(EXERCISE DESCRIPTION): Using the listing below, report each line holding the string "centre".

☆ ☆ ☆

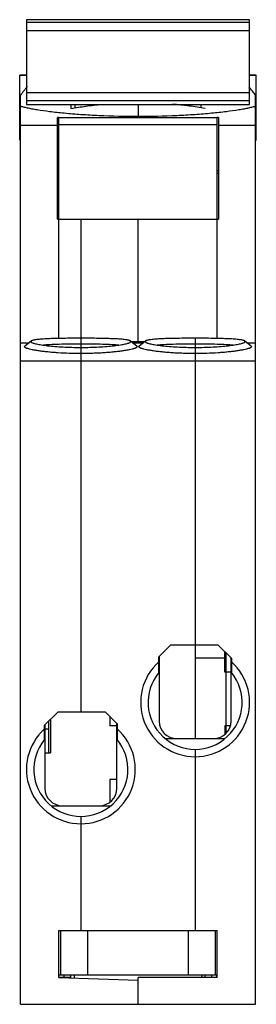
# Model space of a CAD drawing. Header units: millimetres. Extents: x 22.8 to 40.4, y 7 to 80.3.
import ezdxf

# ---------------------------------------------------------------- set-up
doc = ezdxf.new("R2010")
doc.units = ezdxf.units.MM
doc.header["$LTSCALE"] = 5.662214
doc.layers.add('00_COMPONENTS', color=7, linetype='CONTINUOUS')

msp = doc.modelspace()

# ---------------------------------------------------------------- linework, layer by layer
at = {"layer": '00_COMPONENTS', "color": 7, "linetype": 'Continuous'}
for p, q in [((23.26, 80.336), (23.26, 74.023)), ((39.86, 80.336), (23.26, 80.336)), ((23.26, 80.153), (39.86, 80.153)), ((39.86, 74.023), (39.86, 80.336)), ((23.26, 79.538), (39.86, 79.538)), ((22.76, 71.364), (22.76, 76.214)), ((22.76, 76.214), (23.26, 76.214)), ((23.26, 76.203), (22.76, 76.203)), ((39.86, 76.214), (40.36, 76.214)), ((40.36, 76.203), (39.86, 76.203)), ((40.36, 71.364), (40.36, 76.214)), ((39.86, 74.896), (23.26, 74.896)), ((22.76, 74.595), (22.81, 74.595)), ((22.81, 6.964), (22.81, 74.694)), ((23.26, 74.317), (39.86, 74.317)), ((40.31, 6.964), (40.31, 74.695)), ((40.31, 74.595), (40.36, 74.595)), ((23.26, 74.023), (39.86, 74.023)), ((26.56, 74.023), (26.56, 73.714)), ((26.86, 74.023), (26.86, 73.766)), ((31.56, 74.023), (31.56, 73.045)), ((36.26, 73.759), (36.26, 74.023)), ((25.56, 65.464), (25.56, 73.045)), ((25.66, 73.045), (25.56, 73.045)), ((25.66, 56.582), (25.66, 73.046)), ((25.66, 73.046), (37.46, 73.046)), ((37.46, 56.582), (37.46, 73.046)), ((37.56, 73.045), (37.46, 73.045)), ((37.56, 73.045), (37.56, 65.464)), ((22.76, 72.464), (22.81, 72.464)), ((25.56, 72.463), (22.81, 72.463)), ((37.46, 72.494), (25.66, 72.494)), ((40.31, 72.463), (37.56, 72.463)), ((40.31, 72.464), (40.36, 72.464)), ((22.76, 71.364), (22.81, 71.364)), ((40.31, 71.364), (40.36, 71.364)), ((25.56, 69.064), (25.66, 69.064)), ((37.56, 69.064), (37.46, 69.064)), ((25.56, 68.864), (25.66, 68.864)), ((37.56, 68.864), (37.46, 68.864)), ((25.56, 65.464), (37.56, 65.464)), ((27.31, 65.464), (27.31, 28.764)), ((31.56, 56.264), (31.56, 65.464)), ((35.81, 56.599), (35.81, 26.764)), ((22.81, 56.264), (23.458, 56.264)), ((23.607, 56.388), (23.146, 56.005)), ((23.607, 56.388), (23.612, 56.311)), ((31.007, 56.311), (31.013, 56.388)), ((31.474, 56.005), (31.013, 56.388)), ((31.042, 56.364), (32.078, 56.364)), ((31.162, 56.264), (31.958, 56.264)), ((32.107, 56.388), (31.646, 56.005)), ((32.107, 56.388), (32.112, 56.311)), ((39.507, 56.311), (39.513, 56.388)), ((39.974, 56.005), (39.513, 56.388)), ((39.662, 56.264), (40.31, 56.264)), ((40.31, 54.889), (22.81, 54.889)), ((34.01, 33.764), (33.11, 32.864)), ((34.01, 33.764), (37.51, 33.764)), ((38.51, 32.764), (37.51, 33.764)), ((38.01, 31.714), (38.01, 33.264)), ((38.11, 27.153), (38.11, 33.164)), ((33.11, 31.691), (33.11, 32.864)), ((33.135, 32.889), (33.135, 28.064)), ((38.01, 32.764), (35.81, 32.764)), ((38.485, 28.064), (38.485, 32.789)), ((38.51, 32.764), (38.51, 31.691)), ((38.485, 31.714), (38.01, 31.714)), ((25.61, 28.764), (24.61, 27.764)), ((25.61, 28.764), (29.11, 28.764)), ((30.01, 27.864), (29.11, 28.764)), ((24.91, 28.064), (24.91, 25.714)), ((25.058, 28.212), (25.058, 25.714)), ((29.458, 28.416), (29.458, 27.714)), ((29.985, 23.064), (29.985, 27.889)), ((24.61, 26.691), (24.61, 27.764)), ((24.635, 27.789), (24.635, 23.064)), ((24.91, 27.464), (24.635, 27.464)), ((29.985, 27.714), (29.458, 27.714)), ((30.01, 27.864), (30.01, 26.691)), ((38.415, 27.714), (38.01, 27.714)), ((38.01, 27.714), (38.01, 27.082)), ((33.591, 26.764), (38.029, 26.764)), ((24.635, 25.714), (25.058, 25.714)), ((35.81, 25.964), (35.81, 12.464)), ((29.985, 23.714), (29.458, 23.714)), ((29.458, 23.714), (29.458, 22.047)), ((25.092, 21.764), (29.529, 21.764)), ((27.31, 20.964), (27.31, 12.464)), ((25.66, 12.464), (37.46, 12.464)), ((25.66, 8.964), (25.66, 12.464)), ((25.81, 9.164), (25.81, 12.464)), ((27.81, 12.464), (27.81, 9.164)), ((35.31, 9.164), (35.31, 12.464)), ((37.31, 12.464), (37.31, 9.164)), ((37.46, 8.964), (37.46, 12.464)), ((25.66, 9.164), (37.46, 9.164)), ((26.56, 8.964), (25.66, 8.964)), ((25.66, 8.964), (31.56, 8.758)), ((26.06, 8.964), (26.06, 9.164)), ((26.56, 8.964), (26.56, 9.164)), ((26.81, 9.164), (26.81, 8.924)), ((37.46, 8.964), (31.56, 8.964)), ((31.56, 6.964), (31.56, 8.964)), ((36.31, 9.164), (36.31, 8.964)), ((36.56, 8.964), (36.56, 9.164)), ((37.06, 8.964), (37.06, 9.164)), ((37.427, 8.964), (37.427, 9.164)), ((22.81, 6.964), (40.31, 6.964))]:
    msp.add_line(p, q, dxfattribs=at)
for centre, radius, start, end in [((31.56, 68.364), 10.8, 139.60969, 144.11403), ((31.56, 68.364), 10.8, 35.88597, 40.12129), ((30.945, 56.305), 0.107, 50.29265, 52.9786), ((39.445, 56.305), 0.107, 50.25577, 53.05886), ((35.81, 29.464), 4.05, 131.8099, 48.18991), ((35.81, 29.464), 3.5, 140.48232, 39.51771), ((34.435, 28.064), 1.3, 180, 270), ((37.185, 28.064), 1.3, 270, 360), ((27.31, 24.464), 4.05, 131.81115, 48.18997), ((27.31, 24.464), 3.5, 140.48179, 39.51781), ((25.935, 23.064), 1.3, 180, 270), ((28.685, 23.064), 1.3, 270, 360)]:
    msp.add_arc(centre, radius, start, end, dxfattribs=at)
for points, knots in [([(31.56, 73.115), (30.595, 73.115), (29.179, 73.146), (27.353, 73.249), (26.125, 73.349), (25.04, 73.467), (24.238, 73.579), (23.688, 73.675), (23.348, 73.744), (23.06, 73.812), (22.887, 73.861), (22.81, 73.886)], [0, 0, 0, 0, 0.32878, 0.482327, 0.623353, 0.748329, 0.85424, 0.899278, 0.938713, 0.972339, 1, 1, 1, 1]), ([(26.56, 73.714), (26.934, 73.785), (27.701, 73.906), (28.473, 73.989), (28.868, 74.023)], [0, 0, 0, 0, 0.490177, 1, 1, 1, 1]), ([(40.31, 73.886), (40.233, 73.861), (40.06, 73.812), (39.772, 73.744), (39.432, 73.675), (38.881, 73.579), (38.079, 73.467), (36.994, 73.349), (35.767, 73.249), (33.941, 73.146), (32.525, 73.115), (31.56, 73.115)], [0, 0, 0, 0, 0.027667, 0.061305, 0.100751, 0.145797, 0.251707, 0.376668, 0.517675, 0.671201, 1, 1, 1, 1]), ([(36.56, 73.714), (36.165, 73.789), (35.353, 73.916), (34.536, 74.001), (34.118, 74.035)], [0, 0, 0, 0, 0.489739, 1, 1, 1, 1]), ([(27.31, 56.599), (27.087, 56.599), (26.649, 56.598), (26.01, 56.59), (25.413, 56.578), (24.878, 56.559), (24.478, 56.537), (24.203, 56.513), (24.033, 56.495), (23.889, 56.475), (23.773, 56.452), (23.685, 56.428), (23.637, 56.408), (23.618, 56.396)], [0, 0, 0, 0, 0.180185, 0.354582, 0.517319, 0.663269, 0.787717, 0.840671, 0.886906, 0.926119, 0.958055, 0.982628, 1, 1, 1, 1]), ([(31.009, 56.391), (31.002, 56.396), (30.985, 56.407), (30.939, 56.426), (30.863, 56.448), (30.75, 56.471), (30.609, 56.492), (30.441, 56.511), (30.166, 56.535), (29.766, 56.558), (29.227, 56.577), (28.625, 56.59), (27.979, 56.598), (27.535, 56.599), (27.31, 56.599)], [0, 0, 0, 0, 0.007266, 0.016271, 0.039781, 0.070805, 0.109283, 0.154976, 0.207591, 0.331922, 0.478408, 0.642241, 0.818137, 1, 1, 1, 1]), ([(35.81, 56.599), (35.587, 56.599), (35.147, 56.598), (34.506, 56.59), (33.908, 56.578), (33.372, 56.559), (32.973, 56.536), (32.697, 56.513), (32.528, 56.494), (32.385, 56.474), (32.269, 56.451), (32.182, 56.427), (32.134, 56.407), (32.117, 56.395)], [0, 0, 0, 0, 0.180582, 0.35534, 0.518331, 0.6644, 0.788826, 0.841699, 0.887801, 0.926836, 0.958559, 0.98289, 1, 1, 1, 1]), ([(39.509, 56.391), (39.502, 56.396), (39.484, 56.407), (39.439, 56.426), (39.363, 56.448), (39.25, 56.471), (39.109, 56.492), (38.94, 56.511), (38.665, 56.535), (38.265, 56.558), (37.727, 56.577), (37.125, 56.59), (36.478, 56.598), (36.035, 56.599), (35.81, 56.599)], [0, 0, 0, 0, 0.007277, 0.016293, 0.039826, 0.070866, 0.109354, 0.155054, 0.207679, 0.332029, 0.478499, 0.642297, 0.818162, 1, 1, 1, 1]), ([(27.31, 55.457), (27.019, 55.457), (26.45, 55.466), (25.752, 55.499), (25.222, 55.538), (24.856, 55.572), (24.517, 55.61), (24.209, 55.651), (23.935, 55.694), (23.697, 55.739), (23.524, 55.779), (23.406, 55.811), (23.333, 55.834), (23.27, 55.856), (23.219, 55.878), (23.178, 55.901), (23.144, 55.925), (23.119, 55.956), (23.129, 55.988), (23.14, 55.999), (23.146, 56.005)], [0, 0, 0, 0, 0.202494, 0.39623, 0.487124, 0.572758, 0.652224, 0.724663, 0.789358, 0.845641, 0.892981, 0.913158, 0.930944, 0.946326, 0.95931, 0.969932, 0.978289, 0.989357, 0.994113, 1, 1, 1, 1]), ([(23.618, 56.396), (23.617, 56.396), (23.613, 56.393), (23.609, 56.39), (23.607, 56.388)], [0, 0, 0, 0, 0.263519, 1, 1, 1, 1]), ([(23.612, 56.311), (23.629, 56.298), (23.675, 56.272), (23.76, 56.239), (23.874, 56.205), (24.015, 56.171), (24.184, 56.137), (24.458, 56.09), (24.858, 56.036), (25.395, 55.984), (25.996, 55.943), (26.642, 55.918), (27.085, 55.912), (27.31, 55.912)], [0, 0, 0, 0, 0.017161, 0.041556, 0.07334, 0.112417, 0.158536, 0.211407, 0.335757, 0.481696, 0.644601, 0.819361, 1, 1, 1, 1]), ([(24.494, 56.098), (24.573, 56.107), (24.746, 56.124), (25.143, 56.15), (25.722, 56.173), (26.488, 56.187), (27.03, 56.19), (27.31, 56.19)], [0, 0, 0, 0, 0.084605, 0.184554, 0.423797, 0.701861, 1, 1, 1, 1]), ([(27.31, 55.912), (27.535, 55.912), (27.978, 55.918), (28.623, 55.943), (29.225, 55.984), (29.762, 56.036), (30.161, 56.09), (30.435, 56.137), (30.604, 56.171), (30.746, 56.205), (30.86, 56.239), (30.936, 56.269), (30.982, 56.293), (31, 56.305), (31.007, 56.311)], [0, 0, 0, 0, 0.180628, 0.355365, 0.518263, 0.664201, 0.788534, 0.841398, 0.887523, 0.926608, 0.958399, 0.982805, 0.992279, 1, 1, 1, 1]), ([(27.31, 56.19), (27.592, 56.19), (28.136, 56.187), (28.906, 56.172), (29.488, 56.15), (29.885, 56.123), (30.058, 56.106), (30.136, 56.097)], [0, 0, 0, 0, 0.298853, 0.577276, 0.81636, 0.915965, 1, 1, 1, 1]), ([(31.474, 56.005), (31.48, 55.999), (31.489, 55.99), (31.495, 55.976), (31.498, 55.953), (31.476, 55.925), (31.441, 55.9), (31.401, 55.878), (31.349, 55.856), (31.287, 55.834), (31.214, 55.811), (31.096, 55.779), (30.922, 55.739), (30.685, 55.694), (30.411, 55.651), (30.103, 55.609), (29.764, 55.572), (29.398, 55.538), (29.009, 55.509), (28.601, 55.486), (28.033, 55.464), (27.601, 55.457), (27.31, 55.457)], [0, 0, 0, 0, 0.005893, 0.00836, 0.010693, 0.02178, 0.030146, 0.040772, 0.053767, 0.069161, 0.086951, 0.107117, 0.154442, 0.210716, 0.275399, 0.347839, 0.427292, 0.512929, 0.60382, 0.699014, 0.797522, 1, 1, 1, 1]), ([(35.81, 55.457), (35.519, 55.457), (35.087, 55.464), (34.519, 55.486), (34.111, 55.509), (33.722, 55.538), (33.356, 55.572), (33.017, 55.609), (32.709, 55.651), (32.435, 55.694), (32.197, 55.739), (32.024, 55.779), (31.906, 55.811), (31.833, 55.834), (31.771, 55.856), (31.719, 55.878), (31.678, 55.9), (31.644, 55.925), (31.622, 55.953), (31.625, 55.976), (31.631, 55.99), (31.64, 55.999), (31.646, 56.005)], [0, 0, 0, 0, 0.20248, 0.300985, 0.396174, 0.487064, 0.5727, 0.652149, 0.724585, 0.789266, 0.845545, 0.892872, 0.91304, 0.930833, 0.94623, 0.959225, 0.969852, 0.978219, 0.989305, 0.991638, 0.994105, 1, 1, 1, 1]), ([(32.117, 56.395), (32.116, 56.394), (32.112, 56.392), (32.109, 56.39), (32.107, 56.388)], [0, 0, 0, 0, 0.261563, 1, 1, 1, 1]), ([(32.112, 56.311), (32.12, 56.305), (32.138, 56.293), (32.184, 56.269), (32.26, 56.239), (32.374, 56.205), (32.516, 56.171), (32.684, 56.137), (32.959, 56.09), (33.358, 56.036), (33.895, 55.984), (34.497, 55.943), (35.142, 55.918), (35.585, 55.912), (35.81, 55.912)], [0, 0, 0, 0, 0.007724, 0.017198, 0.0416, 0.07339, 0.11247, 0.15859, 0.211454, 0.335788, 0.48173, 0.644635, 0.81938, 1, 1, 1, 1]), ([(32.989, 56.098), (33.068, 56.107), (33.241, 56.123), (33.638, 56.15), (34.219, 56.173), (34.986, 56.187), (35.529, 56.19), (35.81, 56.19)], [0, 0, 0, 0, 0.084357, 0.184165, 0.42335, 0.701552, 1, 1, 1, 1]), ([(35.81, 55.912), (36.035, 55.912), (36.478, 55.918), (37.123, 55.943), (37.724, 55.984), (38.262, 56.036), (38.661, 56.09), (38.935, 56.137), (39.104, 56.171), (39.246, 56.205), (39.36, 56.239), (39.445, 56.272), (39.491, 56.298), (39.507, 56.311)], [0, 0, 0, 0, 0.180621, 0.355344, 0.518243, 0.66419, 0.788527, 0.841396, 0.887531, 0.926625, 0.958421, 0.982829, 1, 1, 1, 1]), ([(35.81, 56.19), (36.091, 56.19), (36.634, 56.187), (37.402, 56.173), (37.983, 56.15), (38.38, 56.123), (38.553, 56.107), (38.632, 56.098)], [0, 0, 0, 0, 0.298522, 0.576779, 0.815931, 0.915691, 1, 1, 1, 1]), ([(39.974, 56.005), (39.98, 55.999), (39.991, 55.988), (40, 55.956), (39.976, 55.925), (39.941, 55.9), (39.901, 55.878), (39.849, 55.856), (39.787, 55.834), (39.714, 55.811), (39.596, 55.778), (39.422, 55.739), (39.185, 55.694), (38.911, 55.651), (38.602, 55.609), (38.264, 55.572), (37.898, 55.538), (37.368, 55.499), (36.669, 55.466), (36.1, 55.457), (35.81, 55.457)], [0, 0, 0, 0, 0.005882, 0.010635, 0.021709, 0.030072, 0.040698, 0.053686, 0.069074, 0.086869, 0.107058, 0.154419, 0.21071, 0.27539, 0.347812, 0.427278, 0.51292, 0.603818, 0.797536, 1, 1, 1, 1])]:
    msp.add_open_spline(points, degree=3, knots=knots, dxfattribs=at)

doc.saveas('drawing.dxf')

☆ ☆ ☆

(TASK OUTPUT):
for centre, radius, start, end in [((31.56, 68.364), 10.8, 139.60969, 144.11403), ((31.56, 68.364), 10.8, 35.88597, 40.12129), ((30.945, 56.305), 0.107, 50.29265, 52.9786), ((39.445, 56.305), 0.107, 50.25577, 53.05886), ((35.81, 29.464), 4.05, 131.8099, 48.18991), ((35.81, 29.464), 3.5, 140.48232, 39.51771), ((34.435, 28.064), 1.3, 180, 270), ((37.185, 28.064), 1.3, 270, 360), ((27.31, 24.464), 4.05, 131.81115, 48.18997), ((27.31, 24.464), 3.5, 140.48179, 39.51781), ((25.935, 23.064), 1.3, 180, 270), ((28.685, 23.064), 1.3, 270, 360)]:
    msp.add_arc(centre, radius, start, end, dxfattribs=at)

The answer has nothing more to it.